The next step is for the sensor to be tested in Queensland Health laboratories for use in a clinical setting. If it is successful, it could be the first time an artificially designed protein biosensor is suitable for a real-life diagnostic application.
Potential to scale
But it’s not the specific application that Alexandrov finds most exciting. It’s the platform itself, which is modular, similar to building with Lego bricks, meaning that – in theory – you can replace parts easily to target something else, such as another drug or medical biomarker. Although the truth is that there are many scientific questions that need to be answered before the researchers can achieve anything close to the universal platform they are ultimately aiming to build.
“The platform not only needs to be able to measure a wide range of entities – from small molecules to DNA ions – but it needs to be able to do that across a huge range of concentrations,” he says. “The answer also needs to come through in a timeframe that is acceptable for the healthcare provider, which is generally a few minutes.”
Here, Alexandrov reminds me again that because this conversation is happening, we know it is possible for information processing to occur at this scale. But the big question he keeps coming back to is how do we build that real-time biological information processing system? What can we assemble it from? What can we compromise on?

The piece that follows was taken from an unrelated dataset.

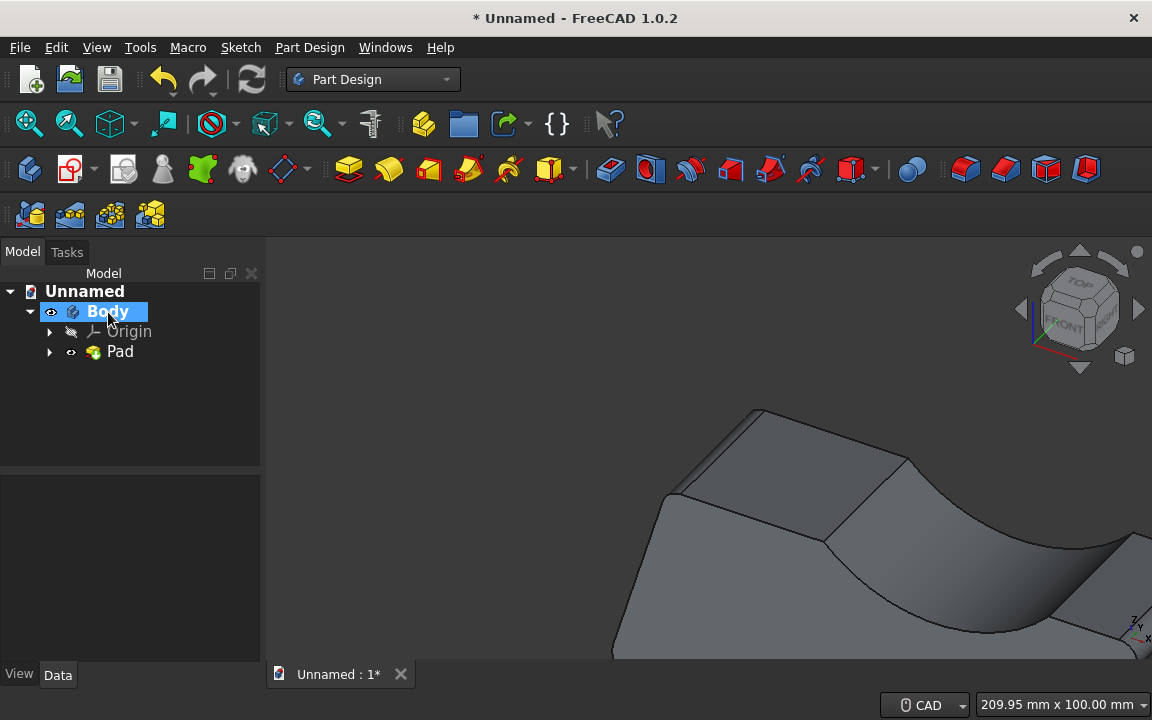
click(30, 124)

And what can we not compromise on?
To begin to answer some of these questions, he plans to bring in experts with additional skill sets to the next phase of the research. “We need modellers, mathematicians, people who think about systems and information processing in biology,” he says. “We are also really at the beginning of building our expertise in building protein switches, so we need to get better at that too, especially building them to technical specifications.”
Going out with a bang
Machine learning is making some aspects of this work easier. “While it hasn’t so far solved a problem we couldn’t have solved using traditional methods, it is reducing costs and speeding things up through sheer brute force,” Alexandrov says. “For example, it could be used to help us prototype a thousand switches, extract every useful parameter and feed them into a model, which would hopefully give us predictive guidance on where we should be taking the design.”

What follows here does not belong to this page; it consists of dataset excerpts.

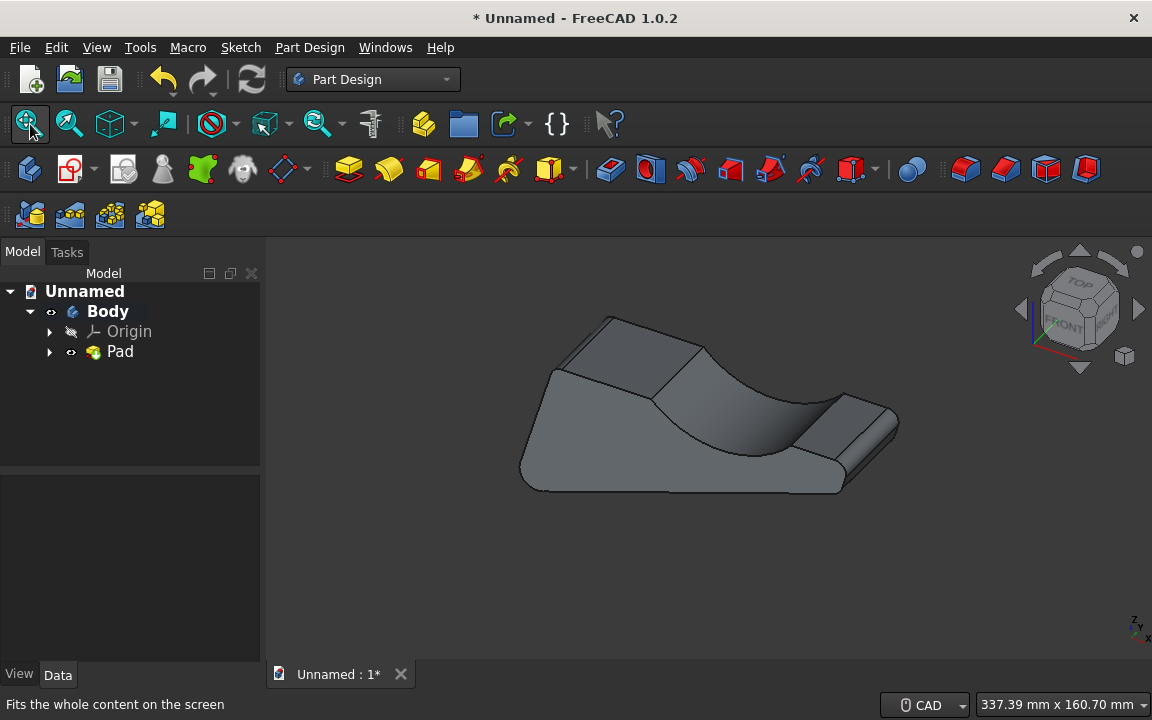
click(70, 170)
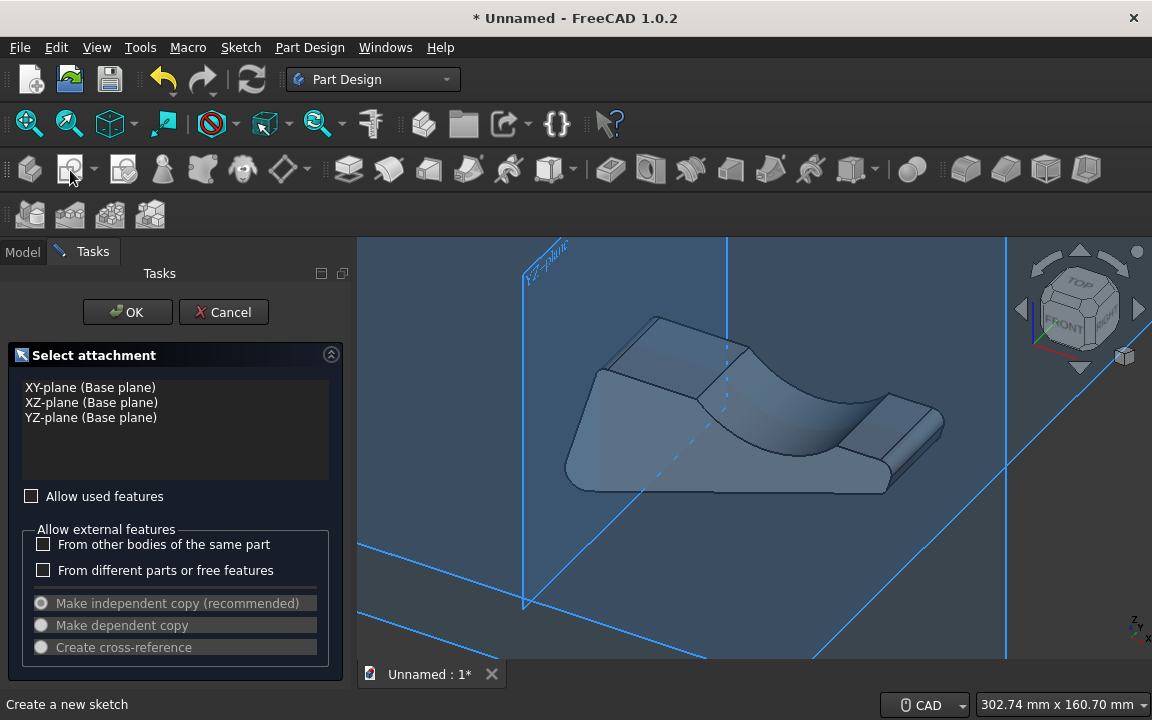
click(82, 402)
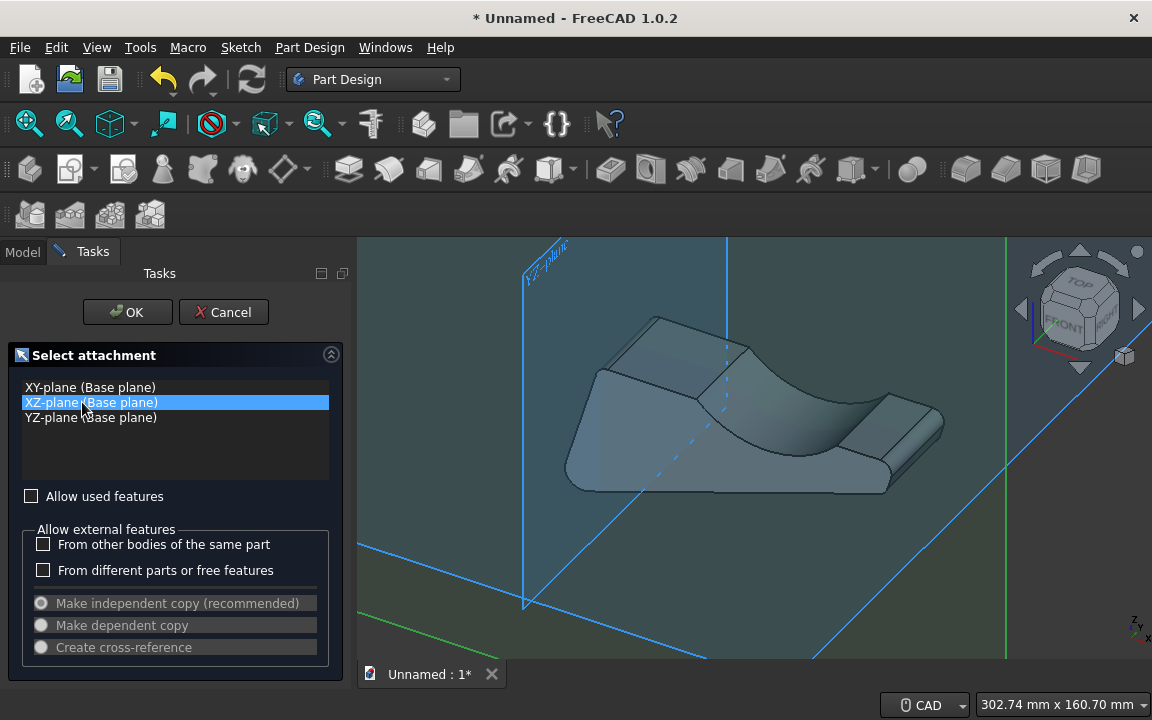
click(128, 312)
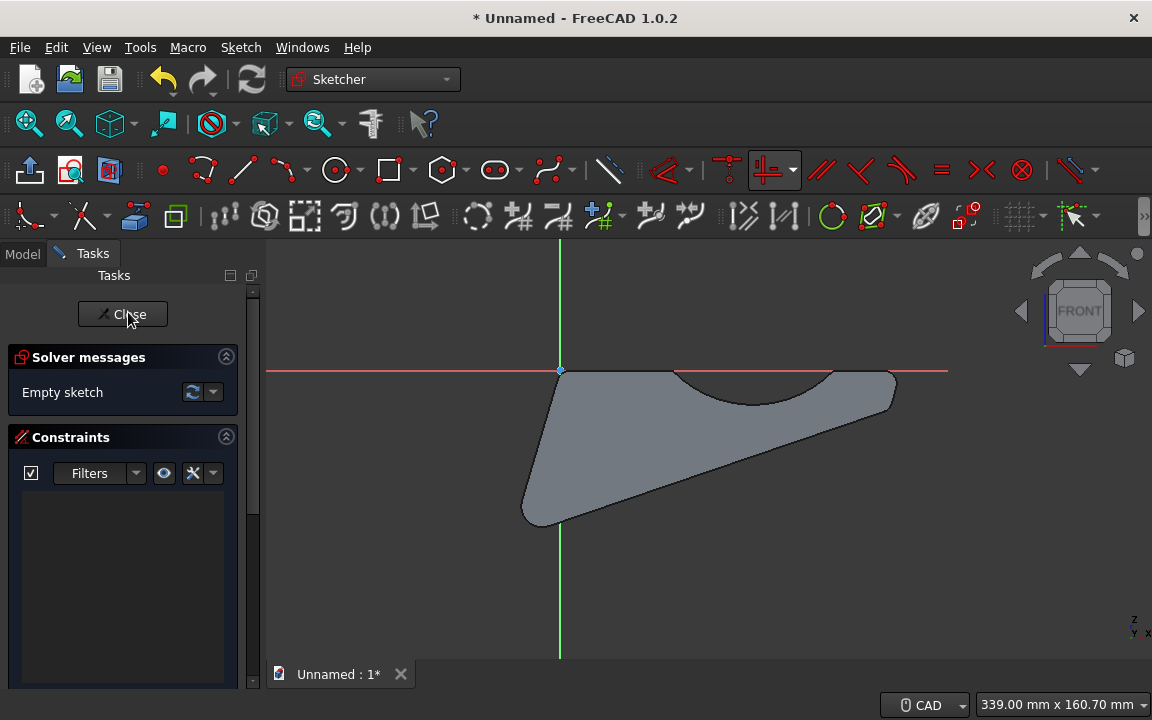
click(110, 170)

Even AI can’t speed up the regulatory process, however. “Things move slowly in the medical device field, particularly on the translational end,” he notes. “So in the short term, given that it takes on average two years to approve a medical device, we can only hope to have one product on the market that uses a synthetic protein switch in the next five years,” Alexandrov notes. “That in itself, though, would be incredibly exciting.”

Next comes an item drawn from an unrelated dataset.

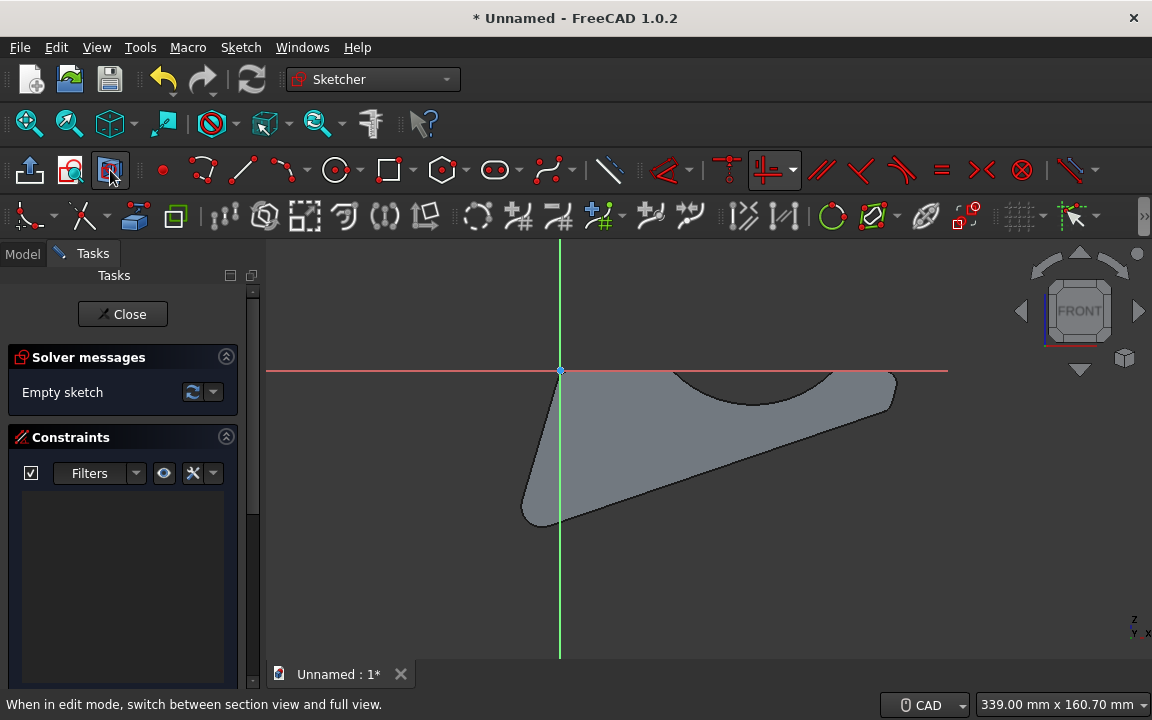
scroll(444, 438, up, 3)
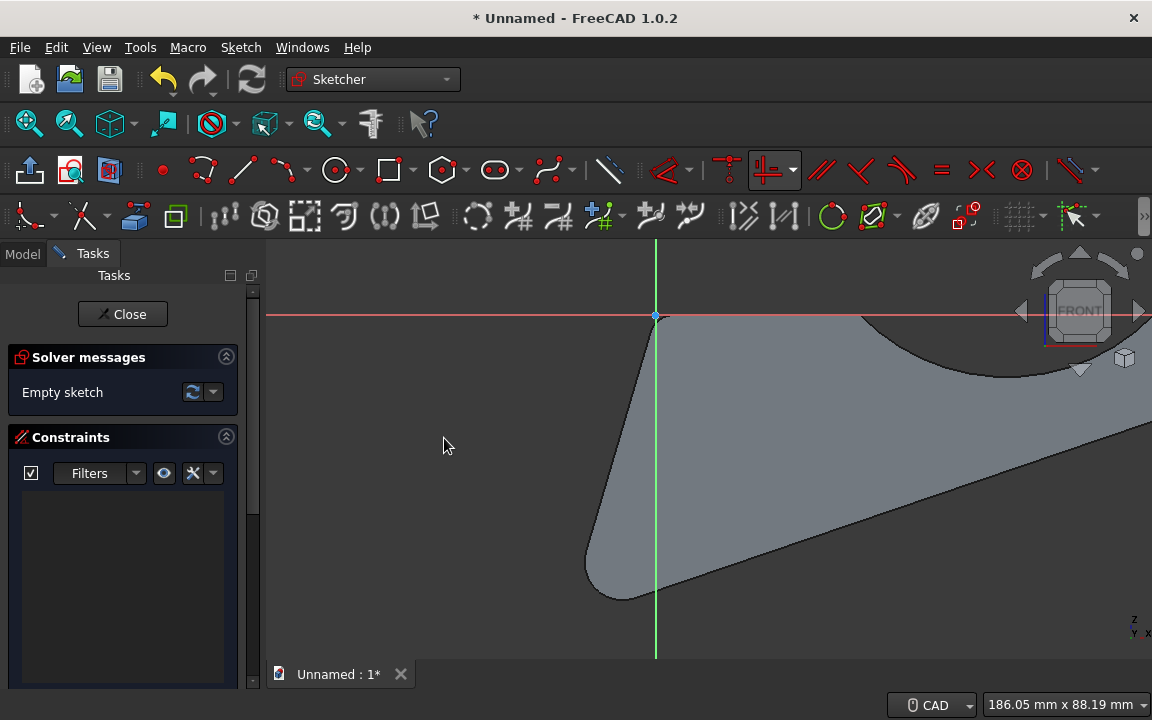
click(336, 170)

Looking further ahead, this form of proteinbased sensing has potential applications beyond the diagnostic testing industry, too. “It’s actually a preface to a much more sophisticated form of bioengineering,” Alexandrov grins. “I’m talking about smart drugs – protein nano machines that go into the patient, recognise a biomarker and turn on a therapeutic function. It would use the same switch; it would just have a different chemistry. The opportunities in this area are huge.”
In the meantime, Alexandrov and his team are focusing on getting their first synthetic switch to patients, before pushing out other tests that can meet healthcare providers’ immediate needs. “It’s a long road and this concept will be the focus of my entire career,” he concludes. “But even if by the time I retire I launch three products, I’d be going out with a bang.”